- **Work order**:
If a line of the data below contains the string "NTPL", count it, then state the total alone.
___ Provided data ___
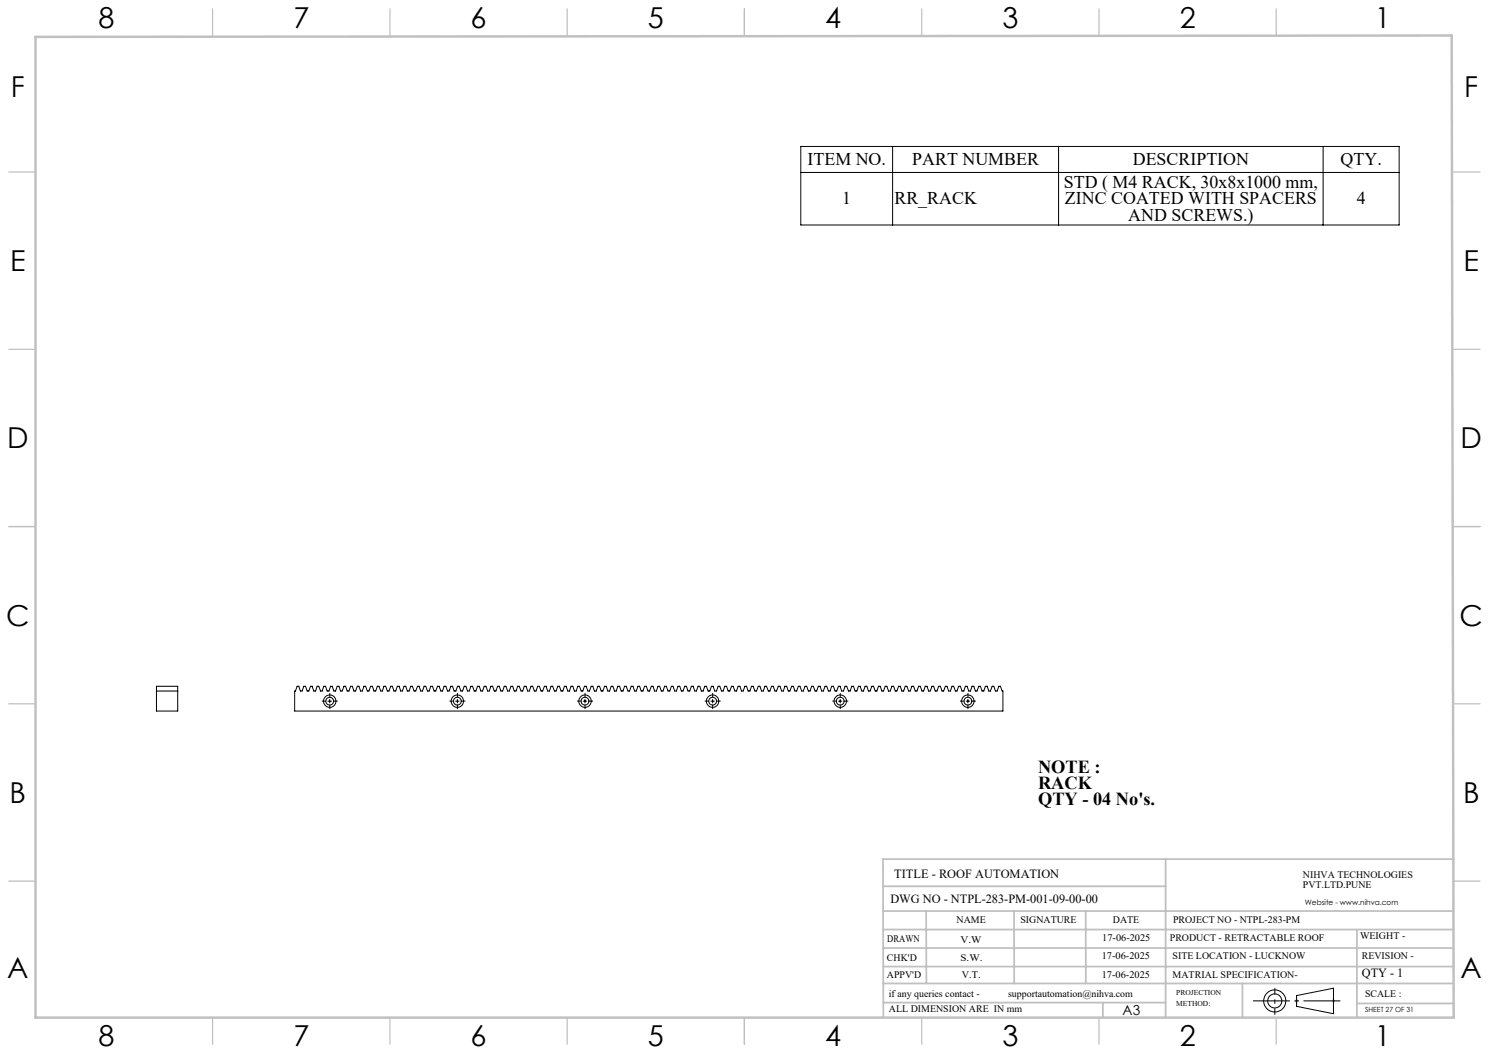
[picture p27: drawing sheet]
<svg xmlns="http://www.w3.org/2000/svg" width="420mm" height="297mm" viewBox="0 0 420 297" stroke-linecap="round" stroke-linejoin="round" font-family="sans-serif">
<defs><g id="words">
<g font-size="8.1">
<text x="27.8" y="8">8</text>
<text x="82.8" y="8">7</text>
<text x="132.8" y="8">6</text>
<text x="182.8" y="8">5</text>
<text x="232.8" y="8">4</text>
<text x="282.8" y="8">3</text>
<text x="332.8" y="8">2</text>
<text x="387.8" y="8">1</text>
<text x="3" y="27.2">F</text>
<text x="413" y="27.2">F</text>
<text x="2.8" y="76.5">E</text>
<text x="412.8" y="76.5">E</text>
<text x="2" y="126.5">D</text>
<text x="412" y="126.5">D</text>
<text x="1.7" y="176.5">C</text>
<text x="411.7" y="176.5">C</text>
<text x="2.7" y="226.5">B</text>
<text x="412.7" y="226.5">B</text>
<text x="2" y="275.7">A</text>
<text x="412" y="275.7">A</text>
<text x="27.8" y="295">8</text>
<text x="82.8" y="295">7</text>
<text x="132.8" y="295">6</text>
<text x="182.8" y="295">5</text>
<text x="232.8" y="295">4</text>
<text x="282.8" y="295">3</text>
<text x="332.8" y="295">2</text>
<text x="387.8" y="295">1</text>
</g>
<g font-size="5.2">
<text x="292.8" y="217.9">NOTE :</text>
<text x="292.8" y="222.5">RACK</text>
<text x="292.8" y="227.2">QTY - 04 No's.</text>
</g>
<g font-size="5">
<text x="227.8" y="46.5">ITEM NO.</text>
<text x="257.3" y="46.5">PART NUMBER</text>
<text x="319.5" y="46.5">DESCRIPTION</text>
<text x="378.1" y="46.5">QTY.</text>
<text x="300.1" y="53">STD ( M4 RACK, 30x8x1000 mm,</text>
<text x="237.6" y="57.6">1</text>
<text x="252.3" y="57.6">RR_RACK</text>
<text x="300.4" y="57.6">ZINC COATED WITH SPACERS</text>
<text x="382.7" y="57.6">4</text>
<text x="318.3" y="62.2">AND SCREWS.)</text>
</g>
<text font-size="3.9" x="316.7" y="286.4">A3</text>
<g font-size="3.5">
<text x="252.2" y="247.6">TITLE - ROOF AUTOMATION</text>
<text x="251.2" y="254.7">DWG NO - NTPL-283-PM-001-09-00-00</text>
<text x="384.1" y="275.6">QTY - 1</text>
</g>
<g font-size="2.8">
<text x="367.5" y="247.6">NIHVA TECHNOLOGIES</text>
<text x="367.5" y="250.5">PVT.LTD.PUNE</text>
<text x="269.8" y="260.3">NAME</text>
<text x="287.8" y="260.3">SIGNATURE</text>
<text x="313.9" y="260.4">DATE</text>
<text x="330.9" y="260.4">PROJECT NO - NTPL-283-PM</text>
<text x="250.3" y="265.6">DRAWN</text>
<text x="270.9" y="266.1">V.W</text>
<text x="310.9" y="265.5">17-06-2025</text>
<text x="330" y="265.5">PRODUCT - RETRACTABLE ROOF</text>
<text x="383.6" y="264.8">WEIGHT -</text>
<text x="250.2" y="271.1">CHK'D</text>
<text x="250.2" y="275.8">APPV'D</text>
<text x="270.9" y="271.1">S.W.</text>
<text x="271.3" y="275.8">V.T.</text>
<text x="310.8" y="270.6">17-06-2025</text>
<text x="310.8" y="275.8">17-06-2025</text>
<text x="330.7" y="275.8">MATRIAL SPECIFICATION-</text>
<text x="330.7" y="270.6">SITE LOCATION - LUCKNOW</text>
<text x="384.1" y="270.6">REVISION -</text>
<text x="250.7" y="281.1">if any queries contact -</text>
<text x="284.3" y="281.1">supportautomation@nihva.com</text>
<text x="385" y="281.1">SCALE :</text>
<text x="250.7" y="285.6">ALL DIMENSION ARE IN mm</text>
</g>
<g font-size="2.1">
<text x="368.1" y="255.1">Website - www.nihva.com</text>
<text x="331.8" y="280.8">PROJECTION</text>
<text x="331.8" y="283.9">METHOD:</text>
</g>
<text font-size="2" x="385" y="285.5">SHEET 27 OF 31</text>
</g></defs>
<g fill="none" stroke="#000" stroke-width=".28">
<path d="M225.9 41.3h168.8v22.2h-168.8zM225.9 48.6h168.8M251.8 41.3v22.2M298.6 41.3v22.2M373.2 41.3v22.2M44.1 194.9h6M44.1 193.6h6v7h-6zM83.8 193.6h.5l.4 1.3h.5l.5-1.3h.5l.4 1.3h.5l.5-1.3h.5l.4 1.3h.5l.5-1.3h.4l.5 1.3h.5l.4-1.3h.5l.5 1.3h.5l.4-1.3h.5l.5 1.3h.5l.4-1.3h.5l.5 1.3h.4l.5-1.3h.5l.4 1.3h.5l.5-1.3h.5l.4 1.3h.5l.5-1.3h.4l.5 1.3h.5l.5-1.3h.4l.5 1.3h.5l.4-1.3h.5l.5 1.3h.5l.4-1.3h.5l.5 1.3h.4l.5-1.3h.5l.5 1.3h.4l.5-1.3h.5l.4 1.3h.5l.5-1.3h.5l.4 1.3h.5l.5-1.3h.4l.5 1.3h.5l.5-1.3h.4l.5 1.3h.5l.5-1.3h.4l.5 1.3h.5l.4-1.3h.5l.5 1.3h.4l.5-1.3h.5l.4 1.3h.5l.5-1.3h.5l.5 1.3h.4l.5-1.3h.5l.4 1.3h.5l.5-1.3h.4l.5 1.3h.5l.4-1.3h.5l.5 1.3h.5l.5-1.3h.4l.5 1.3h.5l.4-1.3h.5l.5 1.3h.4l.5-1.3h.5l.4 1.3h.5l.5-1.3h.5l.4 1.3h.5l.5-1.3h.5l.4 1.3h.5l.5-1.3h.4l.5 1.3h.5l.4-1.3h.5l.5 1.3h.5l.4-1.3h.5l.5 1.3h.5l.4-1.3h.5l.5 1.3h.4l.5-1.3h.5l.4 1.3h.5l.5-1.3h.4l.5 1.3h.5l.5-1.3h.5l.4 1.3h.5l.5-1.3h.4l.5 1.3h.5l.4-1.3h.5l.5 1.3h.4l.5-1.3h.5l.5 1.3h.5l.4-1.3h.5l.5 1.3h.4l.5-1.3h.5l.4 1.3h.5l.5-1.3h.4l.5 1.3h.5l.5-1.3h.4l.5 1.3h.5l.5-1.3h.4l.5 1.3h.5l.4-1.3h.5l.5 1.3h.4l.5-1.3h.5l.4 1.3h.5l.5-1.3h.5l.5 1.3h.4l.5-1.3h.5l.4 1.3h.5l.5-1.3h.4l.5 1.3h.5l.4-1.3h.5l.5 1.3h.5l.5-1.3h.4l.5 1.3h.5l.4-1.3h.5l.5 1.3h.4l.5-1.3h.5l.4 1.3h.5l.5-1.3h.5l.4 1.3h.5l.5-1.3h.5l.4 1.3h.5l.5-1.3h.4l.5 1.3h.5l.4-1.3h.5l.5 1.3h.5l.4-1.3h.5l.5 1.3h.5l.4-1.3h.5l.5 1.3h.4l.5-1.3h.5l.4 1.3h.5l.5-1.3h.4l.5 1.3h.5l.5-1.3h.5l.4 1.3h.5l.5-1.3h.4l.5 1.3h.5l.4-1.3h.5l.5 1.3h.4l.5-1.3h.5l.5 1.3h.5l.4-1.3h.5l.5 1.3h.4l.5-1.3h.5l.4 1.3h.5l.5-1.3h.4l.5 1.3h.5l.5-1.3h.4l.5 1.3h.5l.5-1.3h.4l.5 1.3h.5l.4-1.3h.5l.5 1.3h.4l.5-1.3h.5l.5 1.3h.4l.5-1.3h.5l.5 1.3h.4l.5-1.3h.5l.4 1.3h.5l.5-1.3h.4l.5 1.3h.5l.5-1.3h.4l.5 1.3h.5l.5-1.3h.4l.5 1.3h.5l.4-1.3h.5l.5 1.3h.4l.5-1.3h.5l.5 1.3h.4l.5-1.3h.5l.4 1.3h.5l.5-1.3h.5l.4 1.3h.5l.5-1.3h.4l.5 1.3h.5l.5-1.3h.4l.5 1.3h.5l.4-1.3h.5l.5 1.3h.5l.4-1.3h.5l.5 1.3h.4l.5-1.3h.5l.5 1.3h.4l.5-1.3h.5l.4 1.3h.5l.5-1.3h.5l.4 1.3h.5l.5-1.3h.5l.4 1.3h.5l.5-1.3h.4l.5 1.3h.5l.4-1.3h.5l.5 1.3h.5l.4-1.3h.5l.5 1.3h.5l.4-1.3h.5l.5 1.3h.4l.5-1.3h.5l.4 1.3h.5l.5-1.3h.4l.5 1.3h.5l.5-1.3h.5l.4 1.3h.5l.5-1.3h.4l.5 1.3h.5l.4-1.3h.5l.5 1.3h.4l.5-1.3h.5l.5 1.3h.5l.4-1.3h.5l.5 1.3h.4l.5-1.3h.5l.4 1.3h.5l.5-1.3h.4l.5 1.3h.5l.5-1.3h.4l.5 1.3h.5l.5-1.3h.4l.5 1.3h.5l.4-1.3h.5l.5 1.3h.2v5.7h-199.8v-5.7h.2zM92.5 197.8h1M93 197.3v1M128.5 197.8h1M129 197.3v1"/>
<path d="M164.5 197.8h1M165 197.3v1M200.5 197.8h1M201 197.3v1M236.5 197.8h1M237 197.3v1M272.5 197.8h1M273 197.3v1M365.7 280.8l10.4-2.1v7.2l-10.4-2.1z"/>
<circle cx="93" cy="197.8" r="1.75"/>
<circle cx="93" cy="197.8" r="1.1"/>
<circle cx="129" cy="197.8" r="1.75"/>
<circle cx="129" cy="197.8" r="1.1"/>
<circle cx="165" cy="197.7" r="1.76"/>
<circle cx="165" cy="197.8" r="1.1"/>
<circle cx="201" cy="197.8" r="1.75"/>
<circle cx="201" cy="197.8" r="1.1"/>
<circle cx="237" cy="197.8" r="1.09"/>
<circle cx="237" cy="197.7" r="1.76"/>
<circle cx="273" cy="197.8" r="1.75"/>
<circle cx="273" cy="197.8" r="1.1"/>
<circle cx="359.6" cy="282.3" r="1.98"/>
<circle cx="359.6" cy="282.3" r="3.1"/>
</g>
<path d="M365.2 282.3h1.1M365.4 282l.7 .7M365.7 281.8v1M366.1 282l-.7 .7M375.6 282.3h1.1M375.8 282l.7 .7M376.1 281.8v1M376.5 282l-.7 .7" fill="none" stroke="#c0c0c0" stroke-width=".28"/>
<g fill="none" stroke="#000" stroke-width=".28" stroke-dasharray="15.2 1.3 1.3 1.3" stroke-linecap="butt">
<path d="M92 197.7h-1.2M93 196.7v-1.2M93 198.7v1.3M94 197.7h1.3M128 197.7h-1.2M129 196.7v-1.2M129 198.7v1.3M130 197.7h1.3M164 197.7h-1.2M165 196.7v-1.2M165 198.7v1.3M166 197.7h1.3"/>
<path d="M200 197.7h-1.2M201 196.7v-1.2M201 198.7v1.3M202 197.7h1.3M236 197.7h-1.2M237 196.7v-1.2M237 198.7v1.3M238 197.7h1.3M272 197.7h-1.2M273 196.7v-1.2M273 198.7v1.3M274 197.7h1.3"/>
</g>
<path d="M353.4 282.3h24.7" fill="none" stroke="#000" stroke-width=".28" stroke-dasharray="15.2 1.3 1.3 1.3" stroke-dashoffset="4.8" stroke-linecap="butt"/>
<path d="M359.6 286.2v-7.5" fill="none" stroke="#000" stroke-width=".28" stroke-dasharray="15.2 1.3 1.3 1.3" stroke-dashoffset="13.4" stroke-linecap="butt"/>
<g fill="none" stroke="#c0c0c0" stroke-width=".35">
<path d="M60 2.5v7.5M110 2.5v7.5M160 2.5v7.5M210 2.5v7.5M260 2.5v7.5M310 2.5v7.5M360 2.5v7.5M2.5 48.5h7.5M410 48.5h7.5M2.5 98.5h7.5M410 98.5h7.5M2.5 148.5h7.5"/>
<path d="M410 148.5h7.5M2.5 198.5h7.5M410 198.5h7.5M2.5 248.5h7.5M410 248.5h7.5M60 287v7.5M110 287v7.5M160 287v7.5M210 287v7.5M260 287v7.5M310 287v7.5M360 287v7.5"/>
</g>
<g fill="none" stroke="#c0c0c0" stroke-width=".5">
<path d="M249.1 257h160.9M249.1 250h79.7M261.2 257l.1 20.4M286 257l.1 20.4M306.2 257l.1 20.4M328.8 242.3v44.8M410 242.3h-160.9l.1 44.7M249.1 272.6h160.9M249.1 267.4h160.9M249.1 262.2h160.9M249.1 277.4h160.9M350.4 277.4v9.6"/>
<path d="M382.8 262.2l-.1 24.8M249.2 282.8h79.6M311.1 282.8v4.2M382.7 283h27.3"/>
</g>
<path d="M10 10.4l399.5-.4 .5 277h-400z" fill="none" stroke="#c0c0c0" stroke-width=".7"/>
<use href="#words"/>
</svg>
___
- **Solution below**:
2